Faut-il une campagne par pays ou une campagne multi-pays en Facebook Ads ? +
Ça dépend de ce que tu veux maîtriser. Une campagne par pays donne un contrôle précis du budget et évite les déséquilibres de stock. Une campagne multi-pays simplifie la gestion mais laisse l'algorithme décider où dépenser. Nooz Optics a essayé les deux et est revenu à une structure par zone géographique cohérente en termes de CPM, avec des ensembles par tranche d'âge à l'intérieur.

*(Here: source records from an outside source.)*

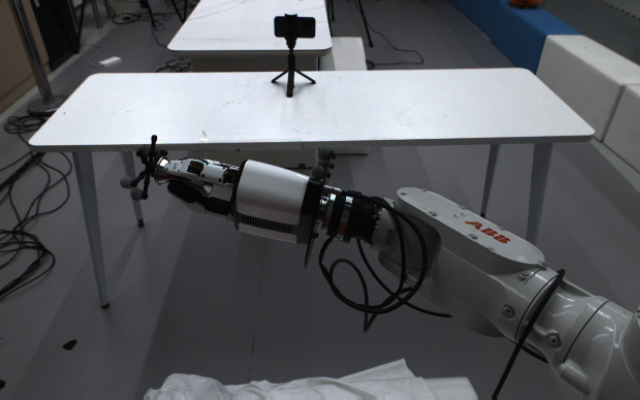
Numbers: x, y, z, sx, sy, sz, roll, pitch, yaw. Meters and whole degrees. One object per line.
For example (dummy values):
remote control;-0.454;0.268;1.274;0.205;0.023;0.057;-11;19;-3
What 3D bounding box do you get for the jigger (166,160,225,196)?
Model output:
jigger;-0.174;-0.035;0.648;0.071;0.043;0.043;14;36;4
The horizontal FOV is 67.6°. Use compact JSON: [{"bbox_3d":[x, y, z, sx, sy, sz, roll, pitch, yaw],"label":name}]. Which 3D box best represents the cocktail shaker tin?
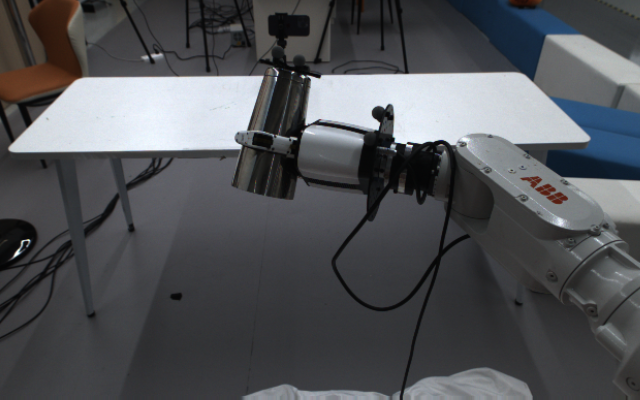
[{"bbox_3d":[-0.063,-0.094,0.685,0.093,0.170,0.093,13,4,-1],"label":"cocktail shaker tin"}]
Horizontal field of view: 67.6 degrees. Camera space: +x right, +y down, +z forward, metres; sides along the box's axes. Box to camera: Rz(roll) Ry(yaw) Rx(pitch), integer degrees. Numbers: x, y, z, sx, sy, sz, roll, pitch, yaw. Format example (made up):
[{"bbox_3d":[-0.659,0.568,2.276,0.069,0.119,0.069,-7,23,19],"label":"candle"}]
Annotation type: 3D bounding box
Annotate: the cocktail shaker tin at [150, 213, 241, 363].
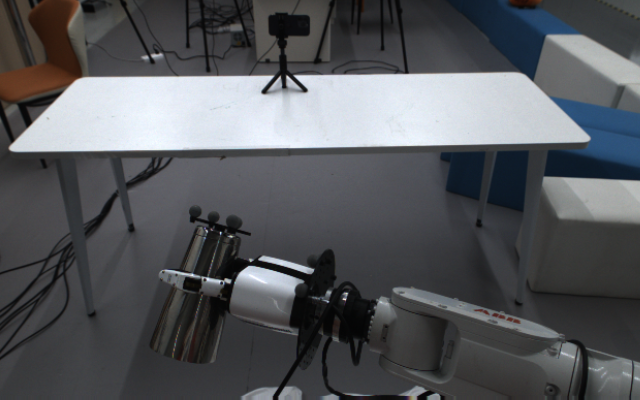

Les audiences lookalike fonctionnent-elles encore en Facebook Ads ecommerce ? +
De moins en moins, selon les praticiens. Chez Nooz Optics, la seule campagne où les lookalikes performent vraiment, c'est la DPA (Dynamic Product Ads). Sur toutes les autres campagnes, le broad - audience large sans restriction - finit par l'emporter dans les tests. iOS 14 a accéléré cette tendance : l'algorithme Meta a moins besoin de signaux d'audience externes depuis que le tracking est dégradé.

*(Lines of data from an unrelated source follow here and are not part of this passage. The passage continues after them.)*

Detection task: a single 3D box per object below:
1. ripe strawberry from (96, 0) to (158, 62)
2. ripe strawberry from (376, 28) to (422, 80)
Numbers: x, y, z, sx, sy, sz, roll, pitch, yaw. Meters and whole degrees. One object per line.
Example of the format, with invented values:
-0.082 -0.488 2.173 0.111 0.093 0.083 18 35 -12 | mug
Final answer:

Pourquoi les créas issues du social media organique marchent bien en publicité payante ? +
Parce qu'elles ne ressemblent pas à des pubs. Sur des campagnes facebook ads multi-pays, les audiences froides n'ont aucune raison de stopper leur scroll sur un visuel trop léché ou trop commercial. Un contenu qui semble natif à la plateforme, moins vendeur, passe mieux. Chez Nooz, des créas faites pour les stories Facebook ont surperformé des productions dédiées aux ads.
Comment gérer le multilingue dans les Facebook Ads internationales ? +
Via les language feeds dans le catalogue produit : un feed principal et des feeds par langue qui viennent s'écrire par-dessus selon la localisation. Facebook diffuse automatiquement la bonne langue à la bonne audience. Dans les campagnes, une option permet aussi d'ajouter des langues directement au niveau de l'ensemble de publicités.

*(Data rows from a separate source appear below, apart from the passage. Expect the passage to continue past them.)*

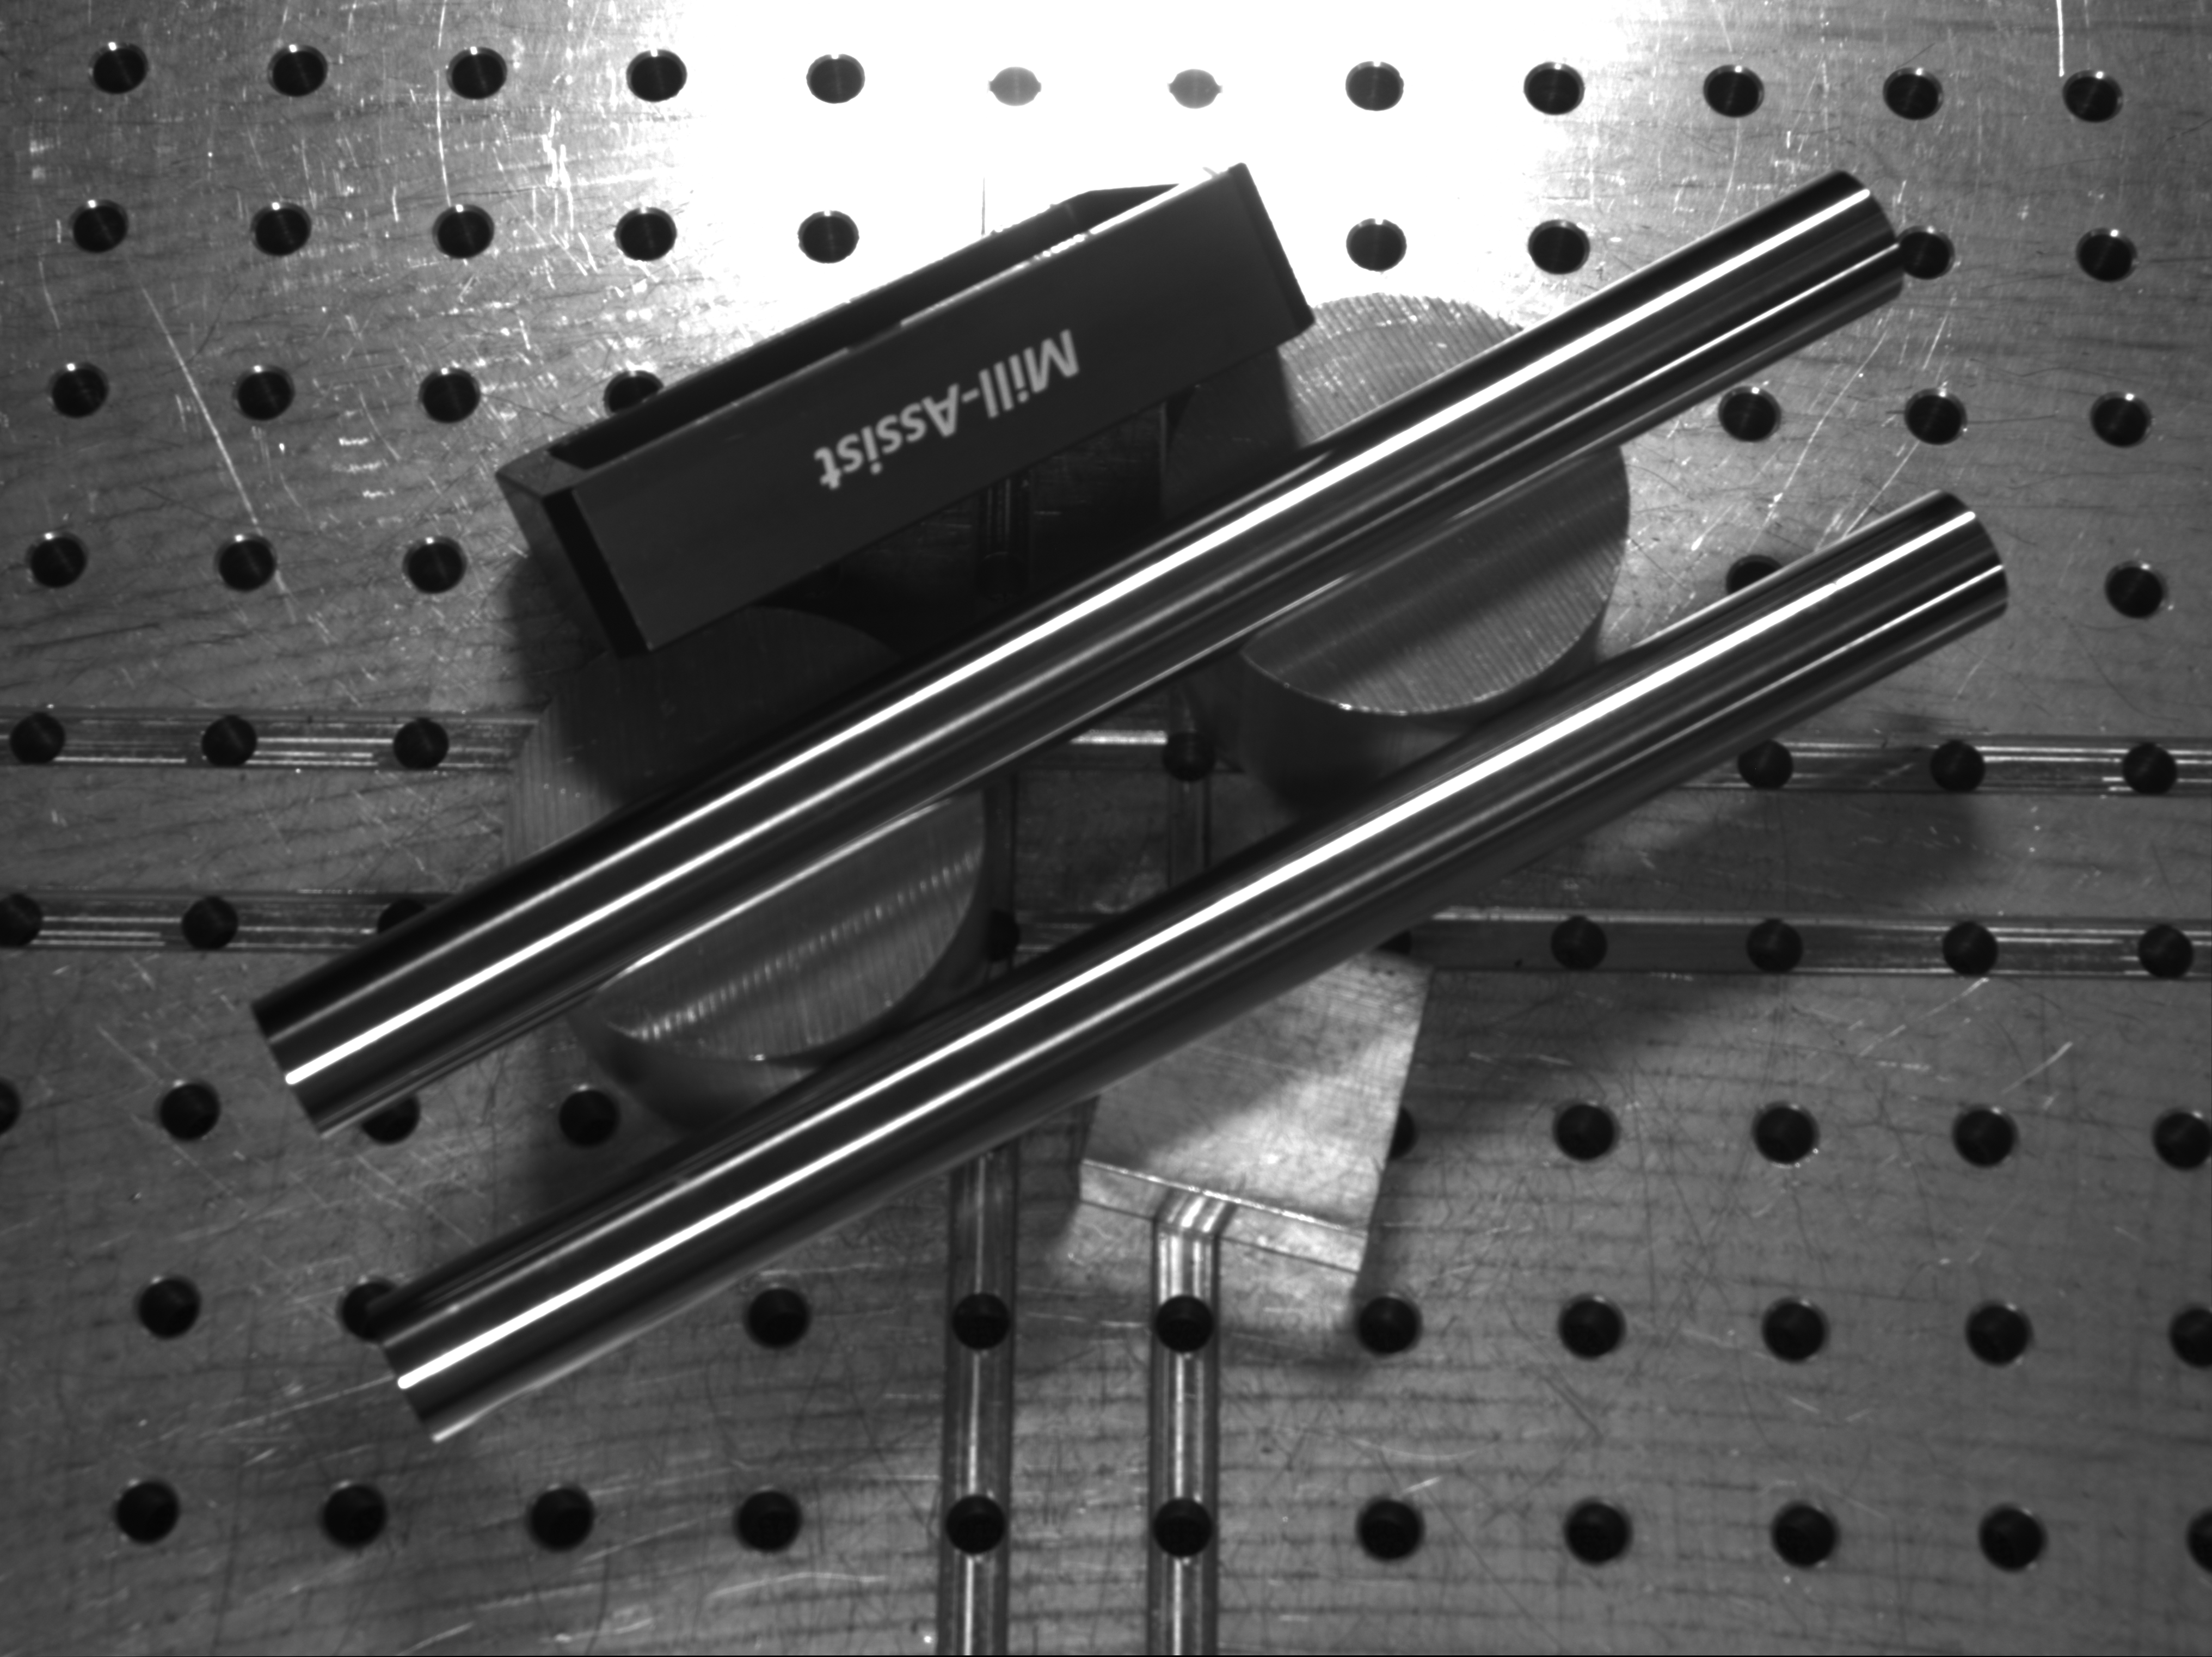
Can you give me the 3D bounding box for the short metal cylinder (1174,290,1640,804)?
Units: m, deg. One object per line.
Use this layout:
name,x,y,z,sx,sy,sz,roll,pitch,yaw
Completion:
short metal cylinder,0.052,-0.048,0.652,0.080,0.050,0.080,0,70,0

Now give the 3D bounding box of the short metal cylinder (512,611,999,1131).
short metal cylinder,-0.058,0.009,0.631,0.080,0.050,0.080,0,70,0

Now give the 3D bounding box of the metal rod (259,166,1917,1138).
metal rod,0.002,-0.032,0.605,0.300,0.025,0.025,-28,72,-10

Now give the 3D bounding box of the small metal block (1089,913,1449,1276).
small metal block,0.028,0.044,0.630,0.050,0.025,0.050,14,70,5

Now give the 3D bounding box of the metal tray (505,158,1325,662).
metal tray,-0.036,-0.075,0.639,0.130,0.090,0.030,-27,104,-10

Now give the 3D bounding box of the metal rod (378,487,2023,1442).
metal rod,0.021,0.020,0.612,0.300,0.025,0.025,-27,72,-10

Quel impact a eu iOS 14 sur les campagnes Facebook Ads ecommerce ? +
Hausse des CPA, reporting moins fiable, attribution approximative. Au-delà de ça, la qualité du pixel est devenue critique : des événements mal trackés (ViewContent, AddToCart, Purchase) pénalisent la diffusion réelle des campagnes, pas seulement le reporting. Et la créa est devenue le principal levier d'optimisation - une bonne structure ne suffit plus à compenser des visuels moyens.